-------- EXTRACTED RECORDS --------

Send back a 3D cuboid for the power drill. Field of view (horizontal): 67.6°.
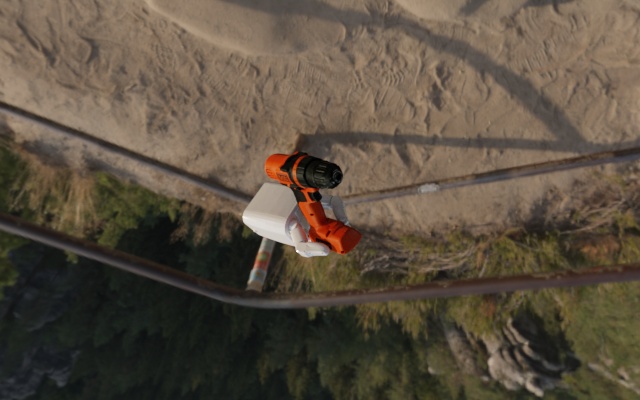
[{"bbox_3d":[0.000,0.003,0.807,0.057,0.188,0.184,-41,31,-23],"label":"power drill"}]
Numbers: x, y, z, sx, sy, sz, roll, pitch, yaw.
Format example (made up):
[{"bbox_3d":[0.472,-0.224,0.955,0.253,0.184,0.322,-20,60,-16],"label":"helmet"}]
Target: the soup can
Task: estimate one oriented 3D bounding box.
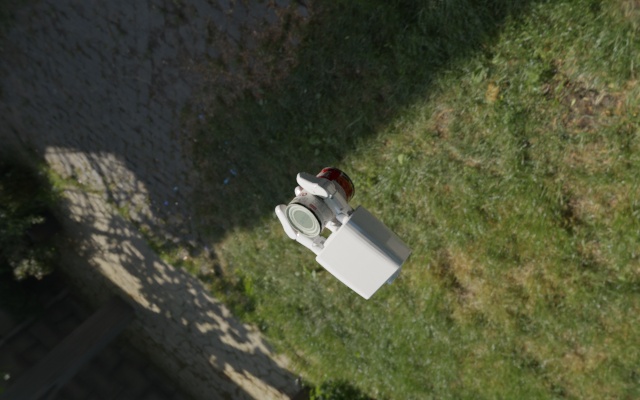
[{"bbox_3d":[0.000,0.002,0.757,0.068,0.068,0.102,0,35,42],"label":"soup can"}]
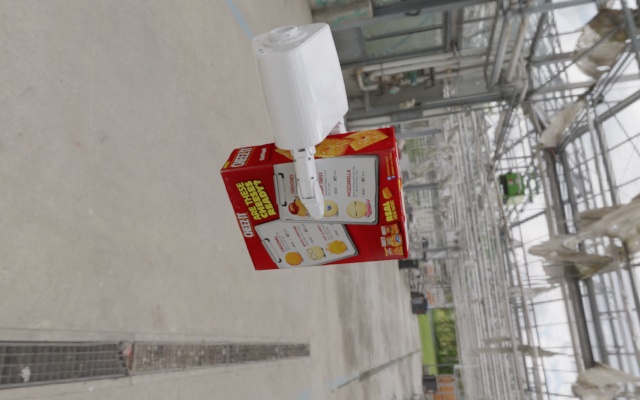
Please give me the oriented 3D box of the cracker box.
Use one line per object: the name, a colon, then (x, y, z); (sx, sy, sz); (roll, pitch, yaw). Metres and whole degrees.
cracker box: (0.000, 0.002, 0.625); (0.214, 0.164, 0.072); (-6, 32, 12)
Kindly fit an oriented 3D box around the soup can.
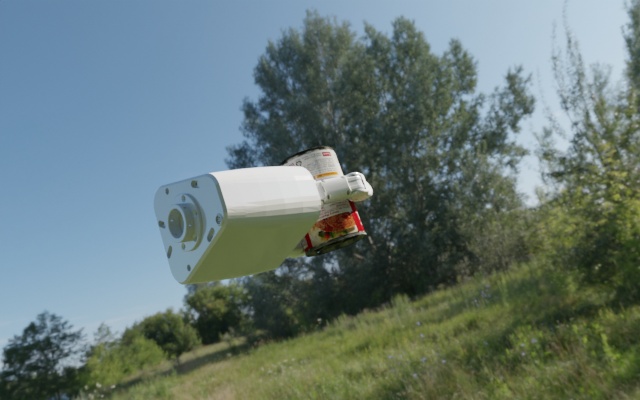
[{"bbox_3d":[0.000,0.001,0.515,0.068,0.102,0.068,-19,-13,-5],"label":"soup can"}]
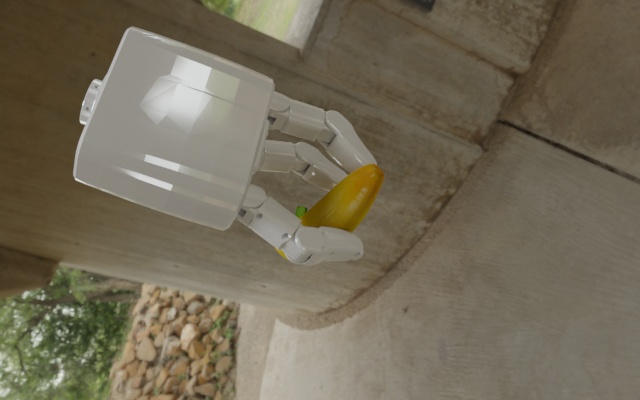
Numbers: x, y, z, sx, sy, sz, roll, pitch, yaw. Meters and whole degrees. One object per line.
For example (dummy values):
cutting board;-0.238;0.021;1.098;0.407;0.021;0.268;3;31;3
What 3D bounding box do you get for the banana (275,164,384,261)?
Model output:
banana;-0.006;0.019;0.416;0.037;0.069;0.198;21;-16;-16
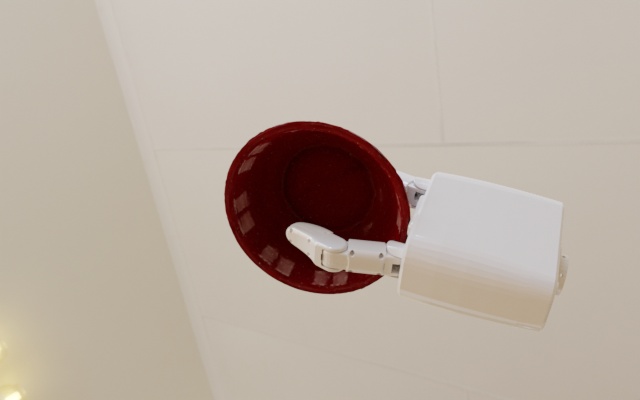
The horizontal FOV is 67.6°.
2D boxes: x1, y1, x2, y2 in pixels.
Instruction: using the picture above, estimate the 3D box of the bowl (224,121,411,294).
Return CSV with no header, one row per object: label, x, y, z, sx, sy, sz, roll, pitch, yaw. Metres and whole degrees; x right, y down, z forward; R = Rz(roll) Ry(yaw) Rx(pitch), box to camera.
bowl,-0.001,0.001,0.422,0.162,0.162,0.055,0,26,15
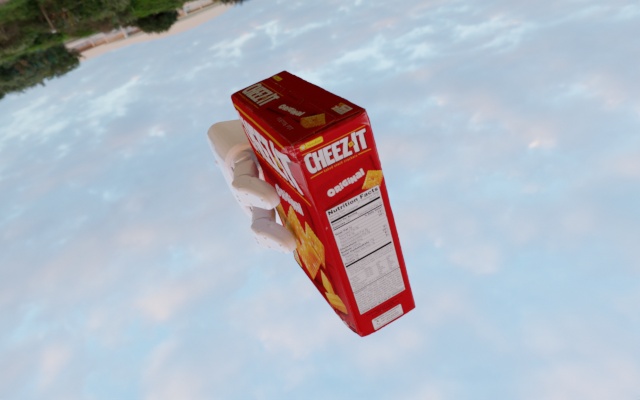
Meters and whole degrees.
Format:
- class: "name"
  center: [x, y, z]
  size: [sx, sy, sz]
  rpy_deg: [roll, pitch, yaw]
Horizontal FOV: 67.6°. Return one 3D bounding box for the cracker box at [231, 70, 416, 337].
- class: "cracker box"
  center: [0.000, 0.002, 0.456]
  size: [0.072, 0.214, 0.164]
  rpy_deg: [-28, 33, -13]
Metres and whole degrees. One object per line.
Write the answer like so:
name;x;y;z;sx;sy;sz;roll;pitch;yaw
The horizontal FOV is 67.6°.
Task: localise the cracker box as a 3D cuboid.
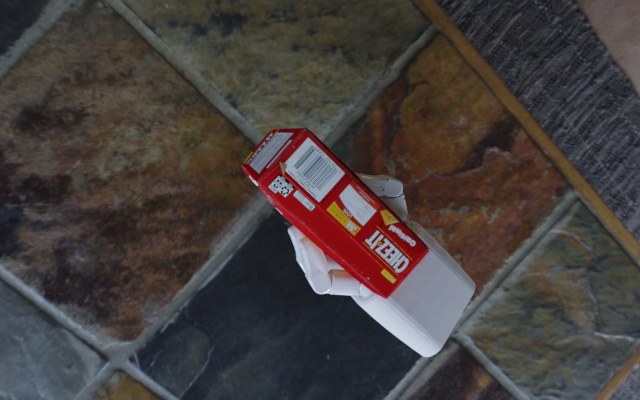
cracker box;0.000;0.002;0.515;0.164;0.072;0.213;43;-3;-15
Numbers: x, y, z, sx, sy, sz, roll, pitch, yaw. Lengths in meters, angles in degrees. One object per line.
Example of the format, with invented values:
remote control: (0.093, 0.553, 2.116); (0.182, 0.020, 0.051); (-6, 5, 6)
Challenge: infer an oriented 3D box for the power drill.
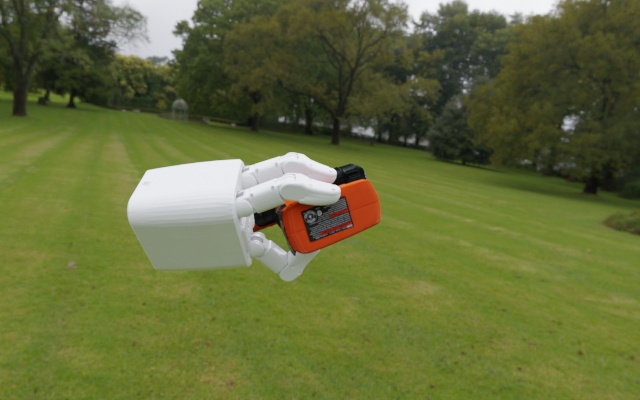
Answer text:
power drill: (0.000, 0.002, 0.579); (0.184, 0.057, 0.187); (-22, 12, -15)
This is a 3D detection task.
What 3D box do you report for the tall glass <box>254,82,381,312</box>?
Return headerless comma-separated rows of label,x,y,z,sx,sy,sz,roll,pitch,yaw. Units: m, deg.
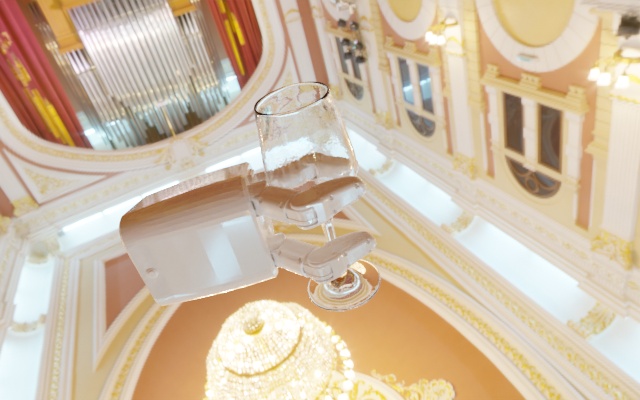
tall glass,0.000,0.002,0.424,0.079,0.201,0.079,-11,32,7
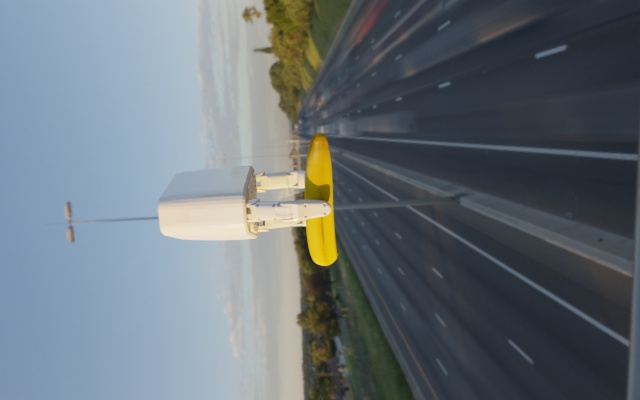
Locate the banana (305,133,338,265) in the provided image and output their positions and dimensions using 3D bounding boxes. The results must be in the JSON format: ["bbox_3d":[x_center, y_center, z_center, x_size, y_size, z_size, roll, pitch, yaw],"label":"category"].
[{"bbox_3d":[0.000,0.015,0.610,0.037,0.198,0.069,-2,34,4],"label":"banana"}]
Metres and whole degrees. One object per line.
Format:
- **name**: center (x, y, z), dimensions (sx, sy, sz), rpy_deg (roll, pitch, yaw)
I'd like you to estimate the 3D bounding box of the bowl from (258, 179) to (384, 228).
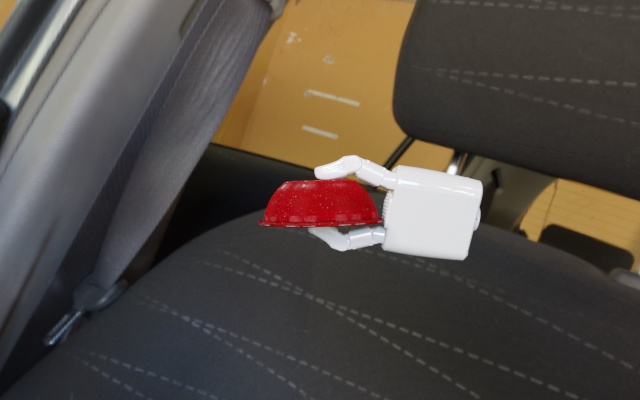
- **bowl**: center (-0.001, 0.002, 0.614), dimensions (0.162, 0.055, 0.162), rpy_deg (-2, 1, 0)
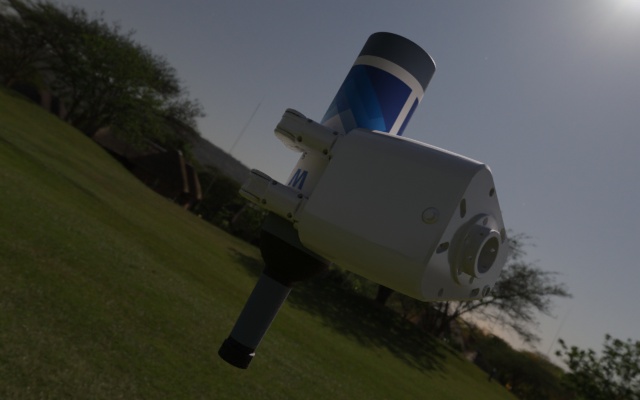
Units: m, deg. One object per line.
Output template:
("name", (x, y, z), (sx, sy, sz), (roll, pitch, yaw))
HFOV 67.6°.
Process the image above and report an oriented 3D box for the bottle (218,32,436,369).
("bottle", (0.000, 0.001, 0.401), (0.069, 0.295, 0.069), (29, -7, 4))
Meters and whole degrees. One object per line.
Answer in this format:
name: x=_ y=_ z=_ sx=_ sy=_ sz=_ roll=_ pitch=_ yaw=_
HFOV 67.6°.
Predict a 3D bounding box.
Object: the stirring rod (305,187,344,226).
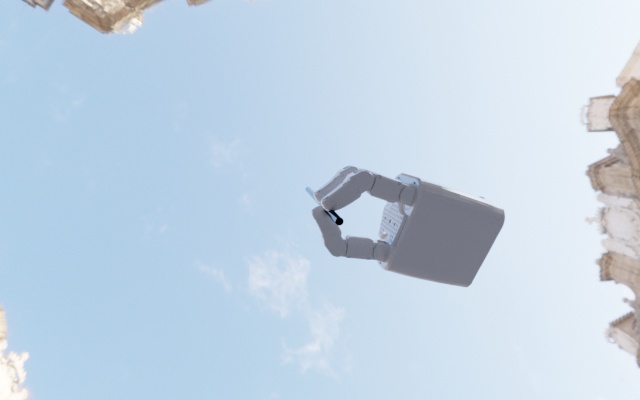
stirring rod: x=0.000 y=0.002 z=0.567 sx=0.011 sy=0.011 sz=0.239 roll=0 pitch=9 yaw=-9
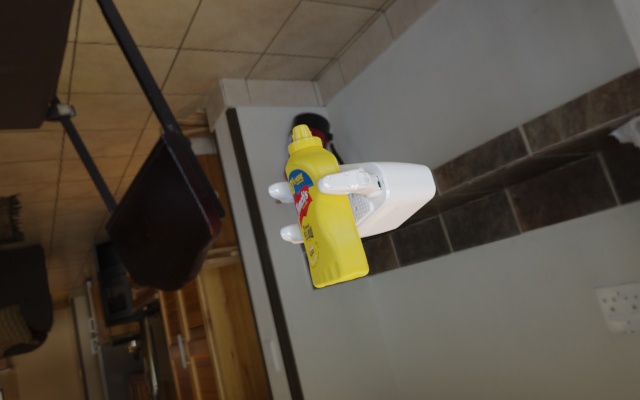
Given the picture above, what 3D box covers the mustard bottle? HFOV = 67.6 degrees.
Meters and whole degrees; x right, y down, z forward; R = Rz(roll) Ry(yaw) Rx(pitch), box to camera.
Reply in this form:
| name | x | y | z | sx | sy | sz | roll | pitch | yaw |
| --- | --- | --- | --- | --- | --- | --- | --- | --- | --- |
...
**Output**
| name | x | y | z | sx | sy | sz | roll | pitch | yaw |
| --- | --- | --- | --- | --- | --- | --- | --- | --- | --- |
| mustard bottle | 0.000 | 0.002 | 0.562 | 0.058 | 0.191 | 0.096 | -11 | -11 | -19 |
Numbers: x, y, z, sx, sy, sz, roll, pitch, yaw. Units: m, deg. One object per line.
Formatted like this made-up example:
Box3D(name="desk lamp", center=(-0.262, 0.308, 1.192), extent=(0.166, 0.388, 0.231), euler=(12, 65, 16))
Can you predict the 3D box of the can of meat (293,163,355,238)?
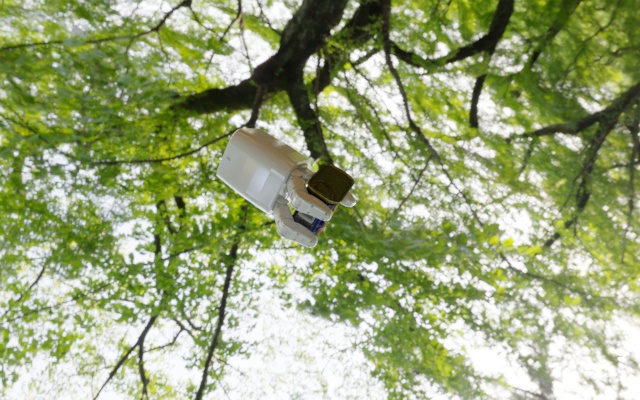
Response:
Box3D(name="can of meat", center=(0.000, 0.003, 0.737), extent=(0.057, 0.084, 0.102), euler=(33, 31, 4))
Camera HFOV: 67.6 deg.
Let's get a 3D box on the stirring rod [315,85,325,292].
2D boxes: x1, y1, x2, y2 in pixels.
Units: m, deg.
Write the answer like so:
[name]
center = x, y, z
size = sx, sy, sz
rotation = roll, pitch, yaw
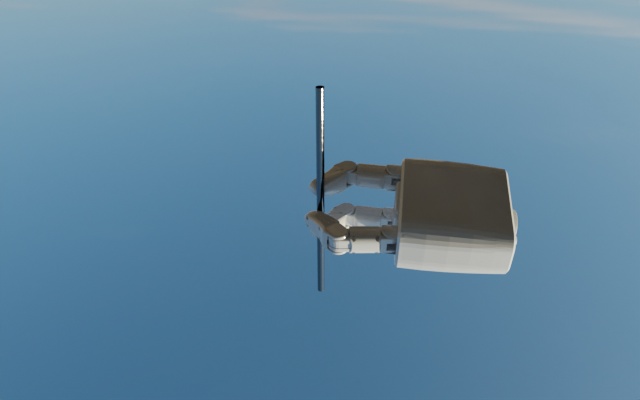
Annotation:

--------

# [WHAT TO WORK ON]
Leaving out all pictures, print exactly the lines above from the one containing "Let's get a" through the last line of the entries.

# [EXPECTED OUTPUT]
Let's get a 3D box on the stirring rod [315,85,325,292].
2D boxes: x1, y1, x2, y2 in pixels.
Units: m, deg.
Write the answer like so:
[name]
center = x, y, z
size = sx, sy, sz
rotation = roll, pitch, yaw
Annotation:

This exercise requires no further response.